Musculoskeletal: tremors, muscle weakness;

Cardiac: palpitations, tachycardia, arrhythmias, increased pulse and blood pressure, heart failure, angina, myocardial infarction, cardiac arrest;

Pulmonary: dyspnea;

GI: diarrhea, vomiting, abdominal cramps;

Dermatologic: hair loss, flushing;

Reproductive: menstrual irregularities, impaired fertility.

Pseudotumor cerebri and slipped capital femoral epiphysis have been reported in children receiving levothyroxine therapy. Overtreatment may result in craniosynostosis in infants and premature closure of the epiphyses in children with resultant compromised adult height.

Seizures have been reported rarely with the institution of levothyroxine therapy.

Inadequate levothyroxine dosage will produce or fail to ameliorate the signs and symptoms of hypothyroidism.

Hypersensitivity reactions to inactive ingredients have occurred in patients treated with thyroid hormone products.

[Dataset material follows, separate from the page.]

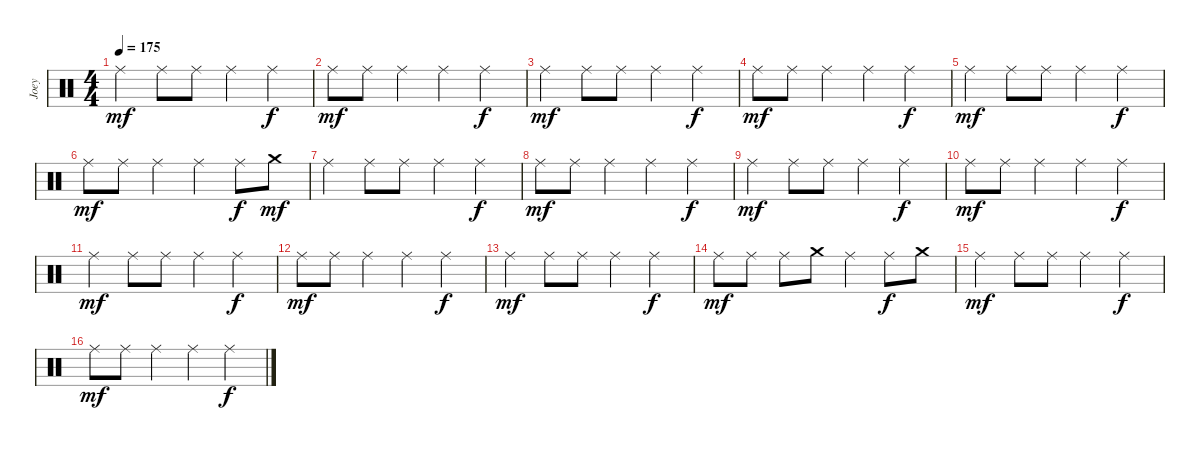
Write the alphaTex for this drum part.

These include urticaria, pruritus, skin rash, flushing, angioedema, various GI symptoms (abdominal pain, nausea, vomiting and diarrhea), fever, arthralgia, serum sickness and wheezing. Hypersensitivity to levothyroxine itself is not known to occur.

In addition to the above events, the following have been reported, predominately when Levoxyl® tablets were not taken with water: choking, gagging, tablet stuck in throat and dysphagia.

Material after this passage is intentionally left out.